Thank you. Our next question comes from Salveen Richter with Goldman Sachs. Your line is now open.
Thanks for taking my question, and Jeff, congrats on all that you've achieved at Vertex. So firstly, could you just comment on how the 2019 Trikafta launch will inform the cadence of uptake during 2020? And then secondly, as we look to the pipeline, Any new thoughts around the requirements for the regulatory pathway for alpha-1 antitrypsin here regarding the need for liver biopsy or not? And then secondly, with type 1 diabetes, what does a proof of concept study look like here?

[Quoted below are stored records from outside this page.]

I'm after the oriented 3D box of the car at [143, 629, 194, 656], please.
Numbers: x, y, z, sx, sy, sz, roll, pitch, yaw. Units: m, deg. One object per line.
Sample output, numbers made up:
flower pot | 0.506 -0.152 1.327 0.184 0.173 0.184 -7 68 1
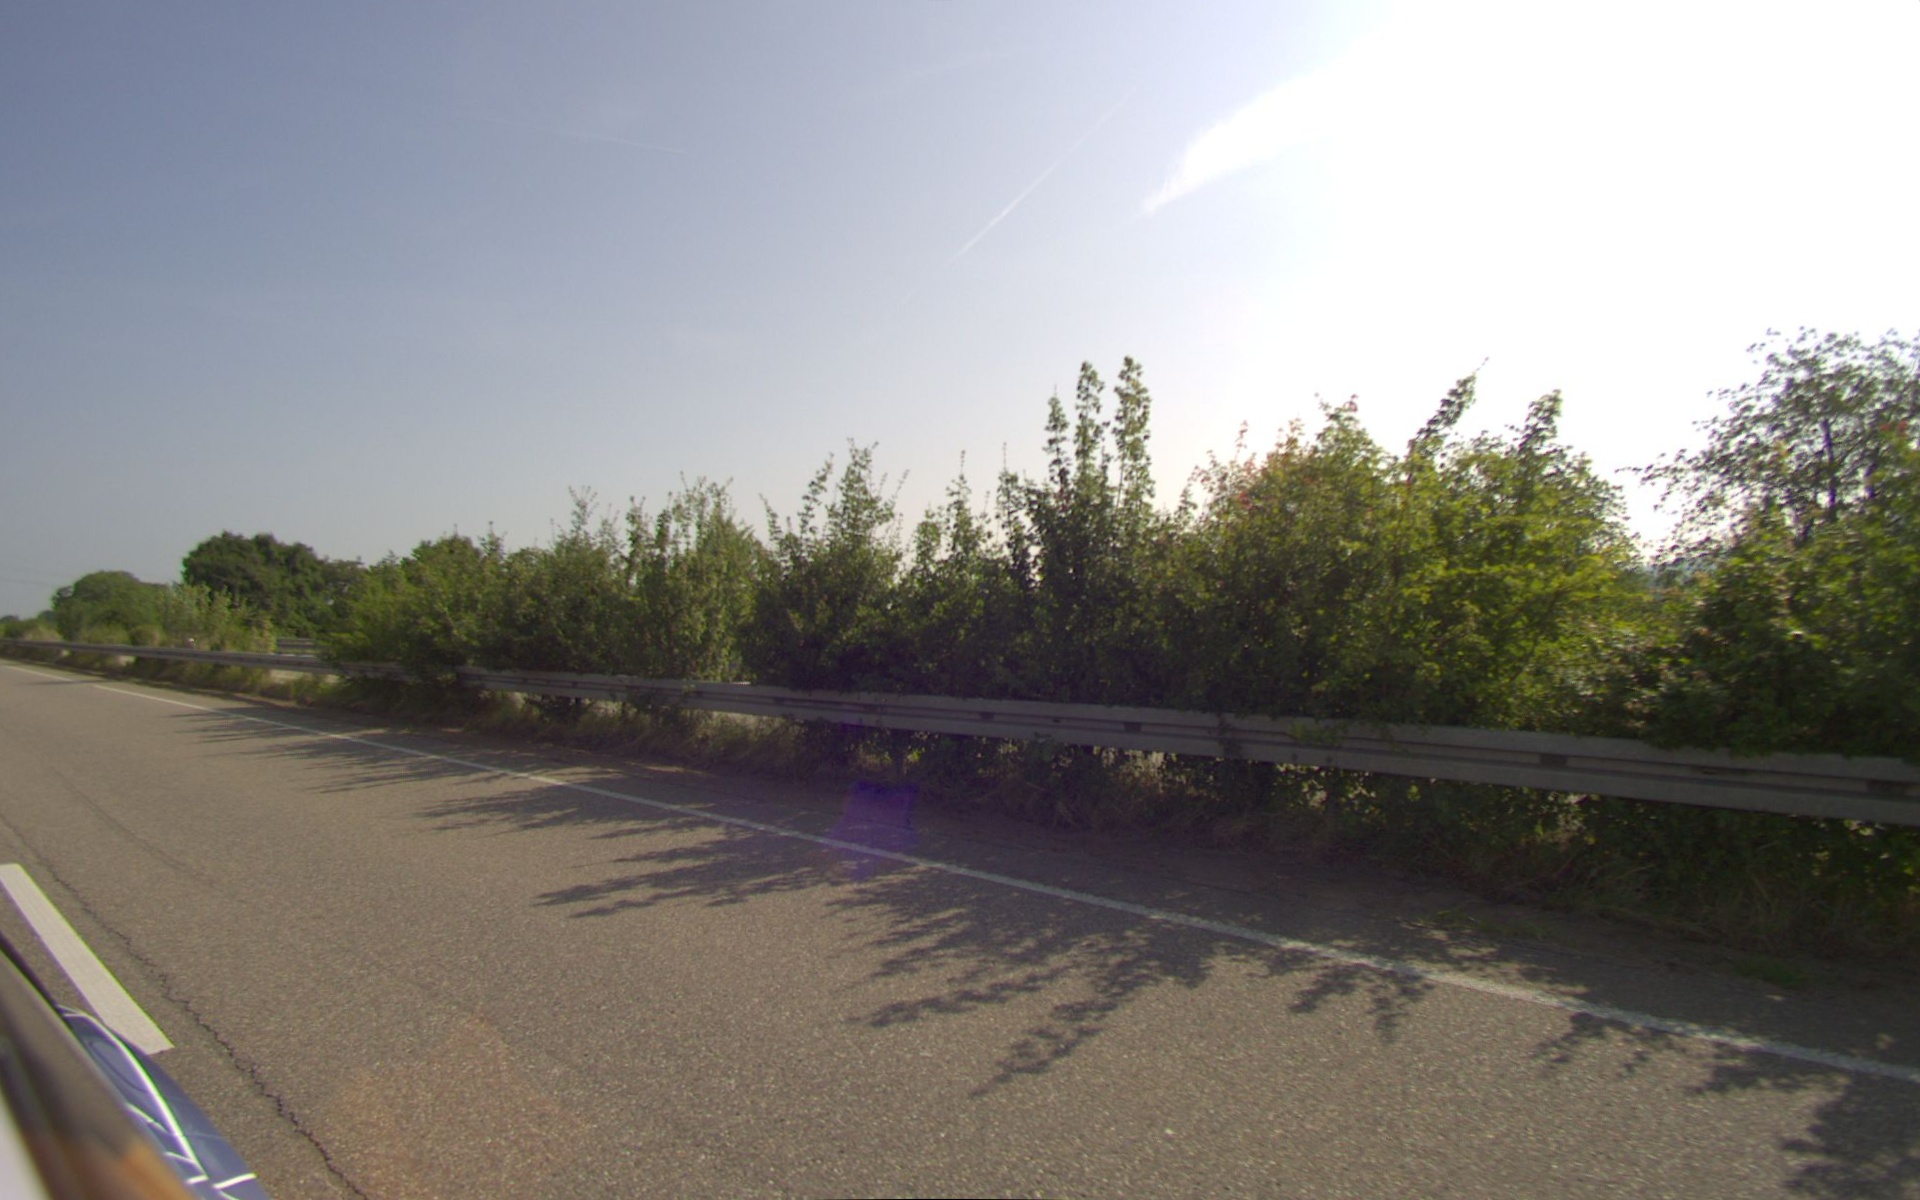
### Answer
car | -47.474 2.538 60.665 4.186 1.538 1.675 -1 -1 41

Yes, I'll take the question on the 2019 and impact on 2020. So obviously, given the results we've announced today, off to a very, very strong start. Having said that, there are many patients we continue to need to get onto Trikafta, so we are expecting continued growth through 2020 in terms of adding patients, and that's built into our guidance of 5.1 to 5.3 billion. As Charlie said, one other factor to take into account as you think about the cadence or the shape of those revenues is the impact of persistence and compliance and how that will impact revenues. It does have an impact, although, as we've seen with our other CFTR modulators, our expectation is that the levels of persistence and compliance will be high with Trikafta, particularly given the strong clinical profile. And then I think on to AAT and type 1, I think Reshman will take those.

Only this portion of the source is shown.